Zunächst zum Test an sich.

Erstes Grundprinzip ist, der zu Prüfende darf niemals wissen, dass er geprüft wird!

Inzwischen ist es auch Vorschrift, dass der zu Prüfende vor dem Test einer gründlichen körperlichen Untersuchung zu unterziehen ist. Es gab schon Vorkommnisse, dass zum Beispiel einer jungen Hexe das Herz stehen blieb, als man sie in einen engen Raum mit vielen Leuten einsperrte, den die Muggel Fahrstuhl nennen.

Desweiteren darf nicht das Leben des zu Prüfenden in Gefahr gebracht werden. Jeder Mensch verteidigt sein Leben, das darf niemandem zum Vorwurf gemacht werden. Bei dem Test geht es also darum, eine völlig überzogene Reaktion auf ein unerwartetes Vorkommnis zu provozieren. Normalerweise bringt man dazu die Ängste, Sorgen und Schwachstellen des zu Prüfenden in Erfahrung, indem man ihn selbst und seine Umgebung unauffällig befragt bzw. beobachtet. Um obiges fatales Beispiel wieder aufzunehmen - die zu prüfende Hexe damals litt unter Platzangst und hatte schon einmal eine Wand eingerissen, um einem engen Raum zu entkommen. Mit dem Test sollte damals festgestellt werden, ob sie es auch getan hätte, wenn sie damit andere Leben gefährdet hätte. Also manipulierte man ihre Wahrnehmungen und sorgte dafür, dass sie glaubte, in dem Muggelding namens Fahrstuhl – ein enger Raum halt – mit vielen Leuten eingesperrt zu sein. Nun – die Hexe bestand den Test, denn sie gefährdete niemanden, aber nach fünf Minuten brach sie vor Angst tot zusammen.

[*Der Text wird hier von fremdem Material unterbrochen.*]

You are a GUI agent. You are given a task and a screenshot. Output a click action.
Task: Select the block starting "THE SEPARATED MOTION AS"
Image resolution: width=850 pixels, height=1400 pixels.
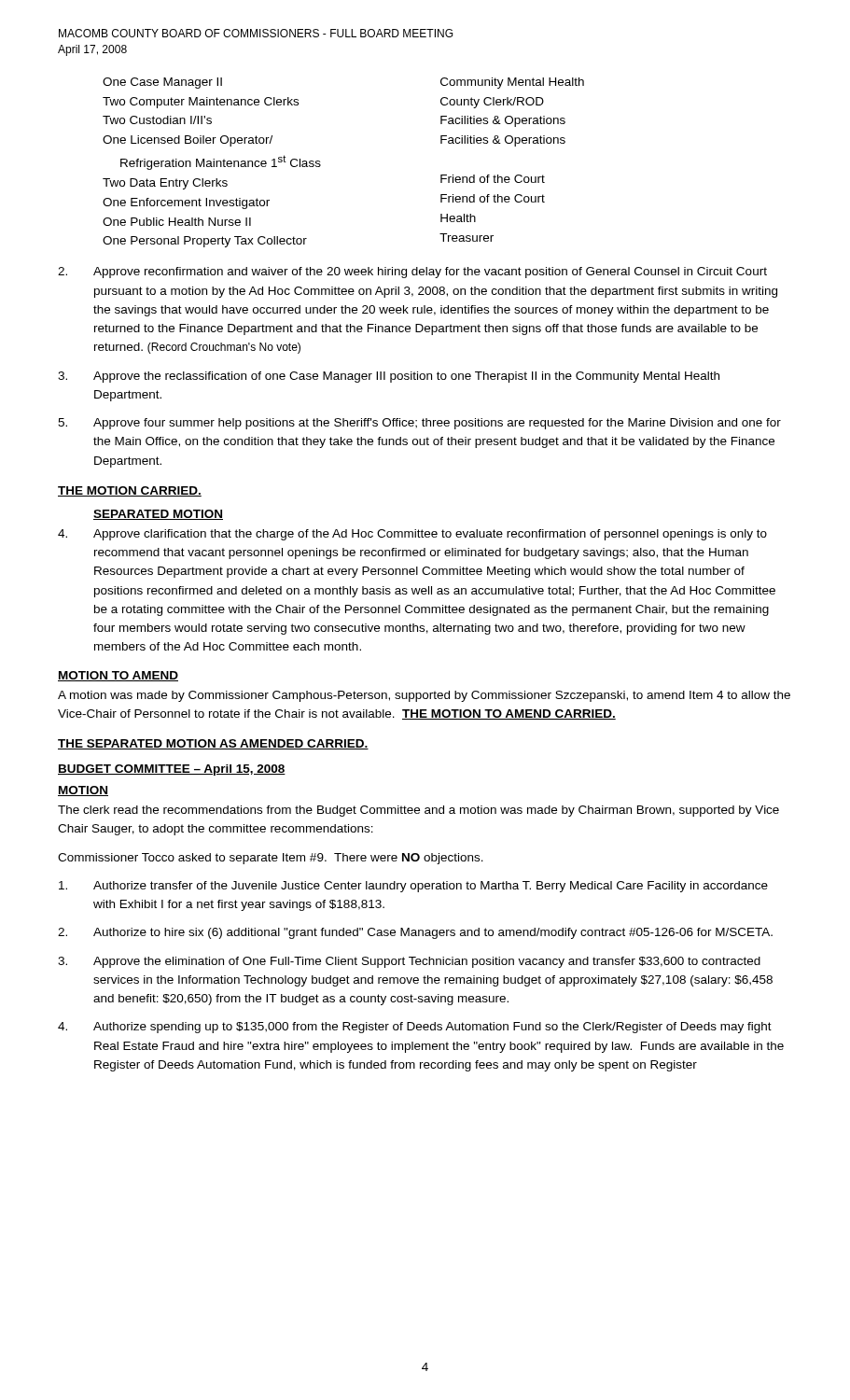point(213,744)

Und ein solches Beispiel zeigt nicht einmal den schlimmsten Fehler des Tests auf.

Ich und viele andere meiner Kollegen sind der Ansicht, wenn man nur intensiv genug sucht, findet man bei jedem Menschen den Punkt, an dem er seine Beherrschung verliert. Jeder hat eine schwache Stelle, die einen dazu bringt, das Unvorstellbare zu tun. Ich würde niemanden davon ausnehmen.

So – und jetzt zu Dir. Ich bin nicht so verdreht, wie der Rest unserer Familie glaubt. Deine Fragen lassen mich vermuten, dass Du von der anstehenden Prüfung eines Deiner Mitschüler weißt. Ich möchte Dir raten, Dich da herauszuhalten. Diese Untersuchung wurde von hoher Stelle im Ministerium angeordnet und unsere Familie braucht keinen solchen Ärger. Weder durch Einmischung in die eine, noch in die andere Richtung. Ich habe Dir alles nur dashalb so intensiv dargelegt, damit Du zum einen nicht weiter Fragen stellst und zum anderen, dass Dir klar wird, dass der Provokationstest durchaus auch für politische oder persönliche Ziele missbraucht werden kann. Gerate um Gotteswillen nicht aus Unvernunft zwischen die Fronten. Lass Deine Professoren dieses Problem behandeln.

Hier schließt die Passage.